The Impact of Remote Care

Serving patients who are unable to get to a dental office with dental hygiene powered by teledentistry can go a long way toward satisfying progressive state dental hygiene regulations. Also, dental needs get documented and reported.

Teledentistry creates collaborations between dental hygienists, dentists, patients and caregivers. The silver lining is when necessary dental work can be coordinated with a local dentist for those patients who can accept treatment.

In this situation, the hygienist interfaces with the care team and/or the patients loved ones. They assist with determining if the patient can be transported to a dental office, can sit to have treatment completed, and if they can pay for services. The hygienist also interfaces with the dental office, making sure they know who the point of contact is for the patient so necessary dental office forms can be sent, completed and returned to the office.

Payment arrangements also can be made prior to the appointment. The dentist has a basic idea of what treatment the patient needs before they arrive. With continued dental hygiene visits at the patient’s location, their dental health needs are being taken care of.

Teledentistry at Work

Here are some real-life examples of dental hygiene powered by teledentistry: 

Patient 1: Woman in a skilled nursing facility: Cannot ambulate. Completely coherent. Very cooperative and pleasant. No reports of dental discomfort. Reports she has only roots left in a couple areas and maybe a cavity.

  • Treatment Completed: Extraction of 2 root tips, and five areas of decay restored.

Patient 2: Woman in a skilled nursing facility: Cannot ambulate.  Completely coherent. Very cooperative and pleasant. Reports she cannot wear her partial because it doesn’t clasp to the tooth. Clasp tooth fractured at the gingival margin.

  • Treatment Completed: Extraction of one root tip, repair of partial clasps and a reline, two areas of decay restored.   

Patient 3: Man in a skilled nursing facility. Completely mobile. Moderate cognitive impairment.  Very cooperative and jovial. No reports of any discomfort.

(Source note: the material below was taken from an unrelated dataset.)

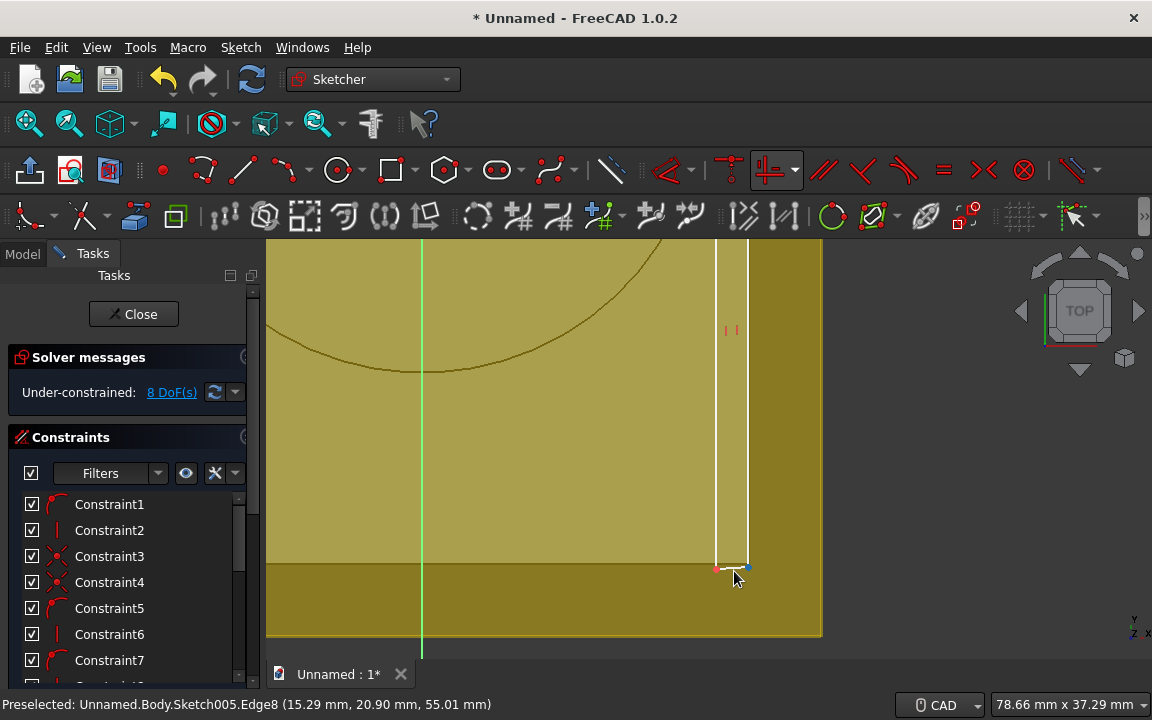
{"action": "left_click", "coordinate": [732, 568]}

Rampant tooth decay.

  • Treatment Completed: One extraction and approximately 10 areas of decay restored and more to be completed.

Patient 4: Woman in a skilled nursing facility. Cannot ambulate. Brain tumor that isn’t affecting her cognitive abilities.  Very cooperative and pleasant. She has no discomfort. #4 had endo completed at endodontic office through a crown. Then patient got sick. Never had permeant restoration placed.

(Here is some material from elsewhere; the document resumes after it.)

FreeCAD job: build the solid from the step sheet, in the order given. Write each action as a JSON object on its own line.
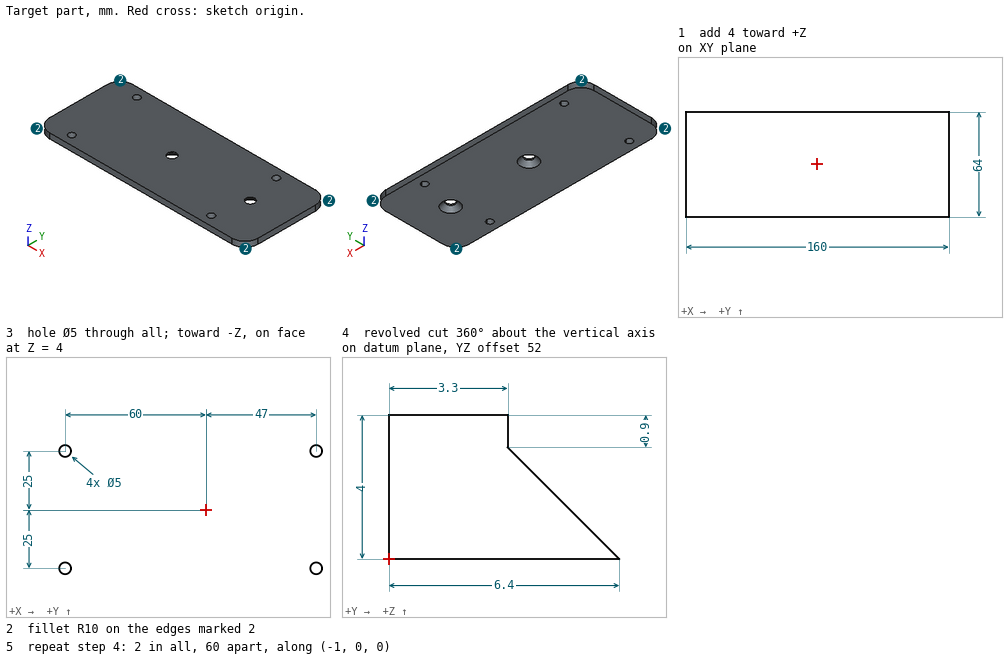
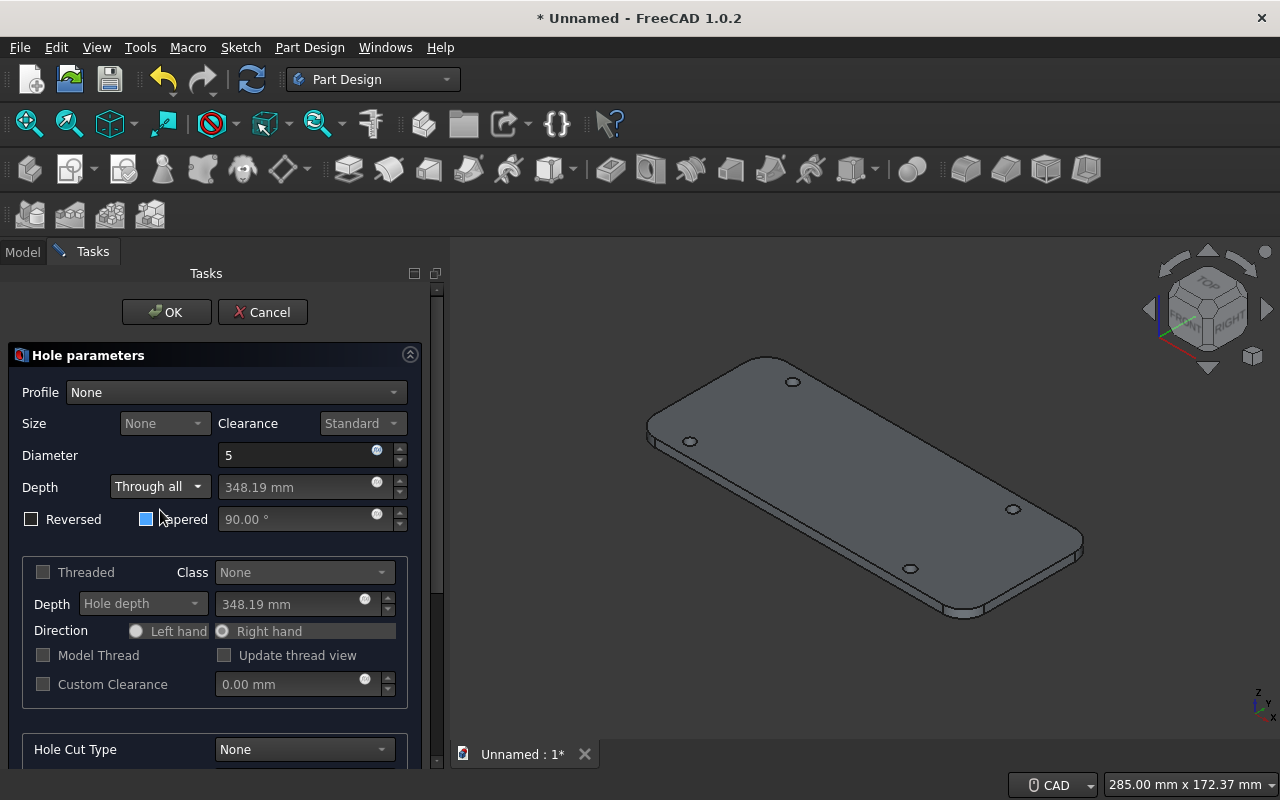
{"action": "left_click", "coordinate": [167, 312]}

  • Permeant restoration placed #4.

Patient 5: Man in a memory care community. Cannot ambulate. Moderate cognitive decline. Semi verbal. Very cooperative. Cannot report if he has any pain.

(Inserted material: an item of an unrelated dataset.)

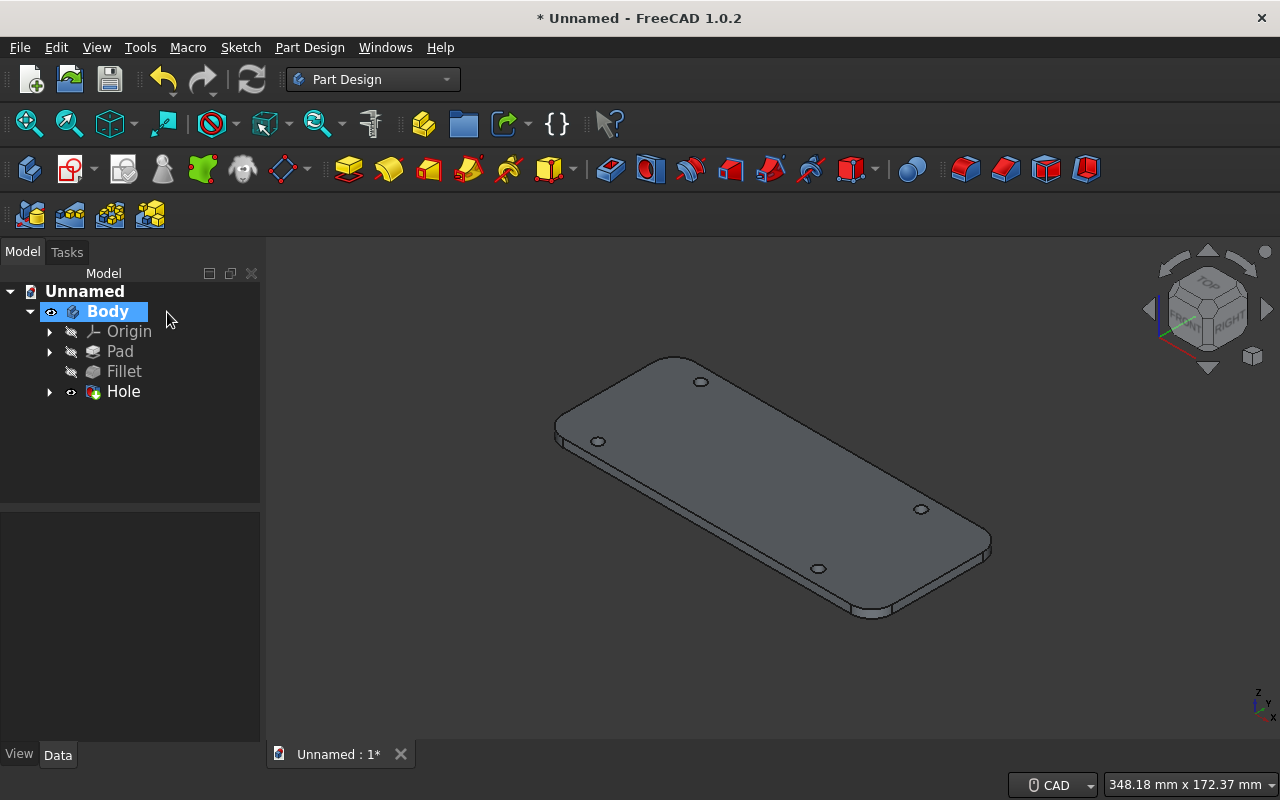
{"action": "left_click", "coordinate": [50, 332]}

  • Core build up and restoration of four areas of decay   

Patient 6: Man in an assisted living community because his wife had Alzheimer’s.   Mobile. Very cooperative and pleasant. No reports of any discomfort. Five-unit bridge # 27-31. Bridge loose #31 due to decay.

  • Removal of decay and recementation of bridge

Patient 7: Woman in a memory care community. Mobile. Moderate cognitive impairment.  Semi cooperative. No reports of any discomfort. Class III mobility of # 7 with draining fistula.

  • Removal of #7 after antibiotic regimen

Patient 8: Woman in a skilled nursing facility. Cannot ambulate. Mobile. Moderate cognitive impairment.  Semi cooperative. No reports of any discomfort. Draining fistula #20

  • Removal of #20 after antibiotic regimen

So where are the dentists in these examples? Still in their offices and collaborating with a dental hygienist who is utilizing teledentistry. If a dental hygienist had not been in these care communities providing services and utilizing teledentistry, at some point, all these patients, loved ones, care teams and likely emergency room physicians, would have been faced with a dental emergency that was completely preventable. This is proof this system works, even with the dentist still in the office.